Work to be completed: Using the data below, copy every line that contains the word "best".

Dataset excerpts:
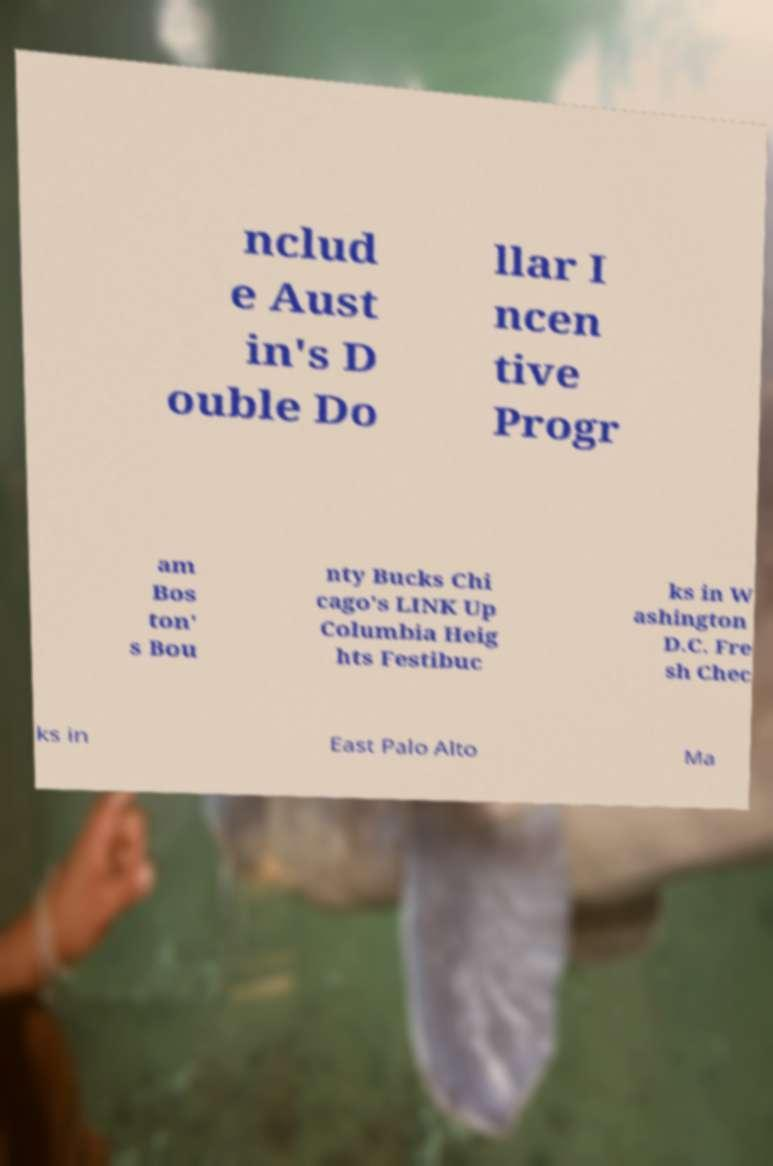There's text embedded in this image that I need extracted. Can you transcribe it verbatim? nclud e Aust in's D ouble Do llar I ncen tive Progr am Bos ton' s Bou nty Bucks Chi cago's LINK Up Columbia Heig hts Festibuc ks in W ashington D.C. Fre sh Chec ks in East Palo Alto Ma 
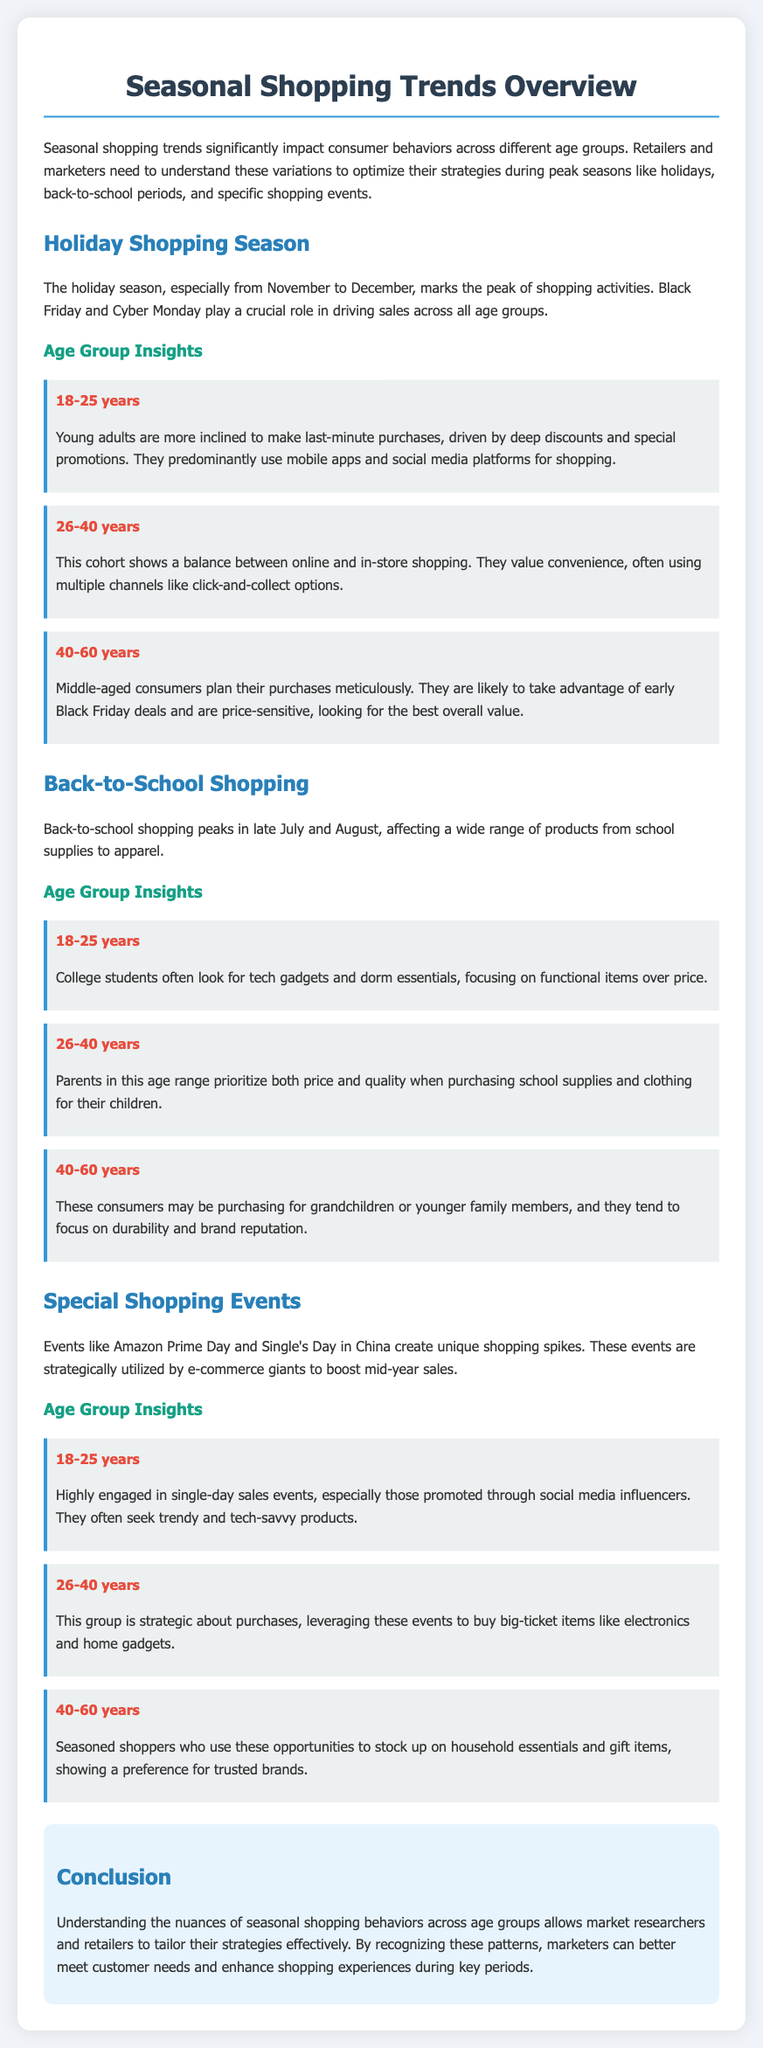What age group predominantly uses mobile apps for shopping during the holiday season? The young adults in the 18-25 years category predominantly use mobile apps and social media platforms for shopping during the holiday season.
Answer: 18-25 years Which shopping season peaks in late July and August? The back-to-school shopping season peaks in late July and August.
Answer: Back-to-school shopping What do 40-60-year-olds focus on when shopping during special events? The 40-60 years age group focuses on stocking up on household essentials and gift items, showing a preference for trusted brands during special shopping events.
Answer: Household essentials and gift items In which shopping event do young adults particularly engage with social media influencers? Young adults engage particularly with social media influencers during Single's Day.
Answer: Single's Day What do parents aged 26-40 prioritize when purchasing school supplies? Parents in the 26-40 age range prioritize both price and quality when purchasing school supplies.
Answer: Price and quality What retailers should understand to optimize their strategies during peak seasons? Retailers need to understand the variations in consumer behaviors across different age groups to optimize their strategies during peak seasons.
Answer: Variations in consumer behaviors What is the primary purchase motivation for middle-aged consumers during the holiday season? Middle-aged consumers are likely to take advantage of early Black Friday deals and are price-sensitive, looking for the best overall value.
Answer: Price-sensitive, best overall value What type of products do college students focus on for back-to-school shopping? College students focus on tech gadgets and dorm essentials for back-to-school shopping.
Answer: Tech gadgets and dorm essentials What is the conclusion drawn about understanding seasonal shopping behaviors? Understanding the nuances of seasonal shopping behaviors allows market researchers and retailers to tailor their strategies effectively.
Answer: Tailor strategies effectively

Exercise solution:
Answer: Variations in consumer behaviors What is the primary purchase motivation for middle-aged consumers during the holiday season? Middle-aged consumers are likely to take advantage of early Black Friday deals and are price-sensitive, looking for the best overall value.
Answer: Price-sensitive, best overall value What type of products do college students focus on for back-to-school shopping? College students focus on tech gadgets and dorm essentials for back-to-school shopping.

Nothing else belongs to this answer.